Launching a new retail store design in Sheffield for vintage clothing wholesaler and retailer Glass Onion. The store design reflects their DIY roots while providing a vintage shopping experience like no other.
We’ve worked with Glass Onion for almost a decade now, rebranding to take them from vintage wholesalers to direct to consumer e-commerce store and working on their website design and development.
Having already branched out onto the high street, Glass Onion were ready to expand into a more prominent position on Sheffield’s trendy Division Street - a hub for students with high footfall and an area that boasts plenty of vintage shopping.
GO approached 93ft’s interiors department for a full shop design that reflected the company they’ve grown into, providing a vintage shopping experience that felt different to the usual— less charity shop and more like a destination, fun and professional, where you want to spend time. GO had a strong vision for the shop and presented their ideas based on research conducted in London’s vintage retail spaces. 93ft and GO agreed that the store needed to be elevated, a cut above the ubiquitous rails upon rails of clothing, yet still reflecting their DIY roots.
GO had a tight timeframe to work within—just six weeks as opposed to the usual several months on a project like this. We were keen to get across the Glass Onion story, bringing an urban, industrial feel to the Division St store. This worked well with our tight timescale and limited budget as the rudimentary fittings were cost effective and reflected the warehouse vibe, looking visually arresting while being utilitarian and multifunctional.
We designed clothing displays from stud wall timber more commonly used to build stud walls, adding metal piping for the rails, giving the look of a deconstructed wall. And used simple unistrut to form retail units that are flexible and can be adjusted depending on what GO wants to display. The adaptability of these units meant we were future proofing the store in the case of further expansion into larger spaces, and the metal has been powder coated in GO’s brand colours for a unique feel.
We used warehouse units, work tables and crates to make retail displays, replacing the basic timber with fresh plywood to elevate these functional and serviceable elements for the high street store. Making use of the many seamstresses in the GO warehouse, we utilised denim offcuts to make the dressing room curtains and cushions, in keeping with the no waste, secondhand ethos.

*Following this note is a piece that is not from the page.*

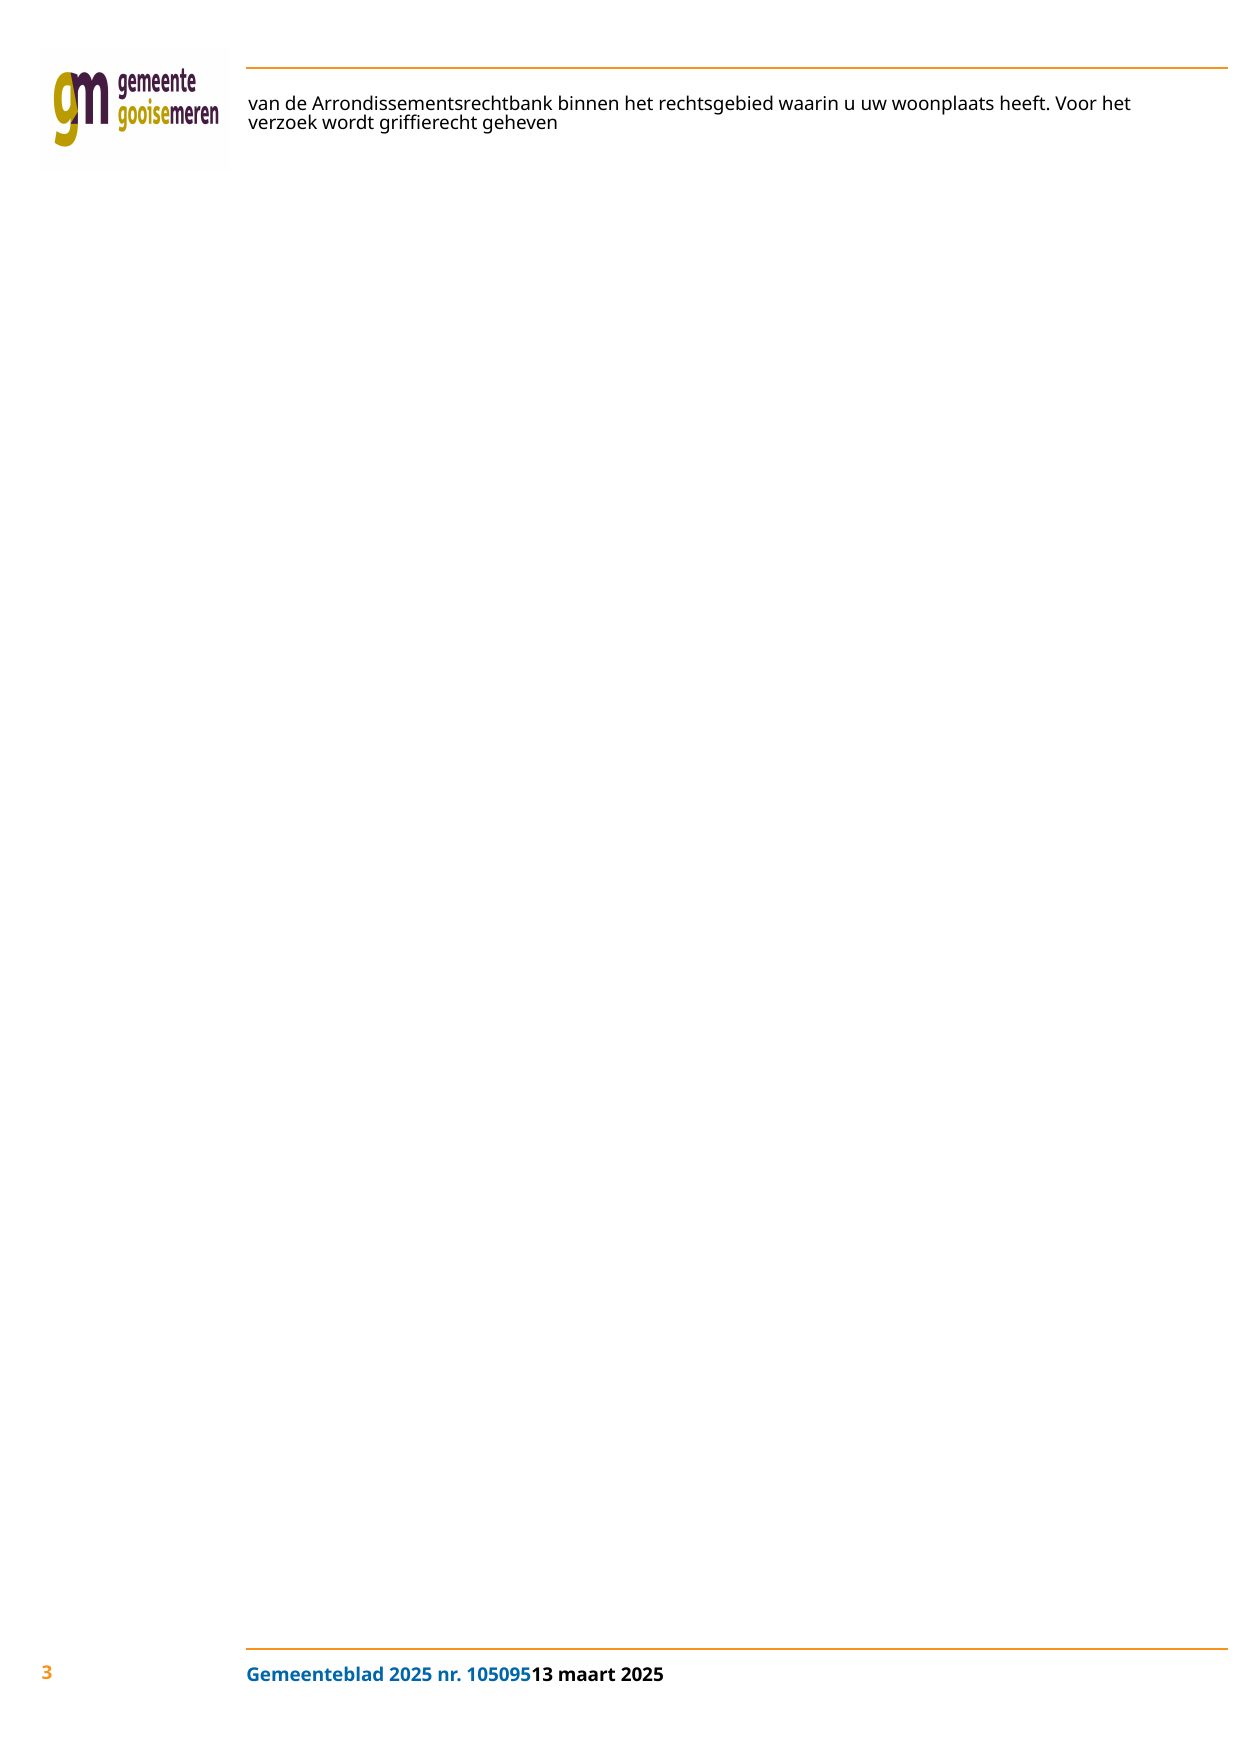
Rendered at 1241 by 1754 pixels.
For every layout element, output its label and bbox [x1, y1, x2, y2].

picture [41, 47, 231, 172]

We splashed out on the counter, a high touch point that was a focus in the store, using recycled plastic top to create the counter of the till point. And around the store used digital LED tickers for signage, deals and to signpost customers to GO’s website. Using digital signage was a way we could elevate the overall look and feel of the store, and means that GO can easily change its in store advertising without incurring printing costs or creating waste.
We’re always keen to work in the way that suits our clients. We adjusted our usual process which meant we could meet Glass Onion’s deadlines with a comprehensive creative design.
With our usual shop designs, our interiors and architecture team come up with extensive 2D drawings before moving onto 3D modelling. After our site visit and meetings with the Glass Onion team, we skipped that stage and went straight to the 3D model of the space, reacting to make the project work for GO who needed an extremely tight turnaround.
Glass Onion found this extremely effective and were happy to proceed with our design after a couple of tweaks during the first meeting. Working this way meant we were able to have Glass Onion more involved in the design process to create a smoother project.
We met with the contractor who would fit out the store, to understand what they needed from us for a smooth build. We presented them with as much detail as possible, giving in depth designs of the fixtures and layout so they could order, build and decorate, fitting the shop exactly as we had visualised with the client. Both the contractors and Glass Onion found our information packs so thorough that little clarification was needed, making the project run smoothly and to schedule.
As well as the 3 standard dressing rooms designed by us, Glass Onion also created a feature dressing room with the intention of making a splash on social media.
The larger, accessible changing room is designed to be an experience, coloured blood red with the words “Glass Onion” repeated on the walls, painted by artist Sean O’Connell. When the door opens, heavy metal music starts playing, creating an immersive space which is begging to be shared and has to be seen to be believed.
Customers are already videoing their entrance to the dressing room, elevating Glass Onion’s social media presence.
While the overall project ran smoothly and we were successful in meeting our deadlines, most jobs hit some bumps in the road and the Glass Onion store design was no different. One of our challenges was how to approach the flooring that was already present in the space. The reflective tiles weren’t what we would have chosen for GO’s Division St store, however budget and time limitations meant that we were unable to change it at this point. We worked with it, integrating it into the space by adding rugs and proposing the intention to add vinyl in future.
It was necessary to remove some internal walls during the build, which exposed the lack of flooring beneath. Rather than see this as a stumbling block, we recognised the potential for this to add to the warehouse feel of the store - it wasn’t necessary for the store to look “perfect”. We filled the spaces with concrete and painted it for continuity with the rest of the flooring.
Comparing their previous store to this one as “night and day”, Glass Onion managed to double their goals for trade in the first days of opening, with customers queuing to get in and staff scrambling to move replacement stock from their warehouse to the store.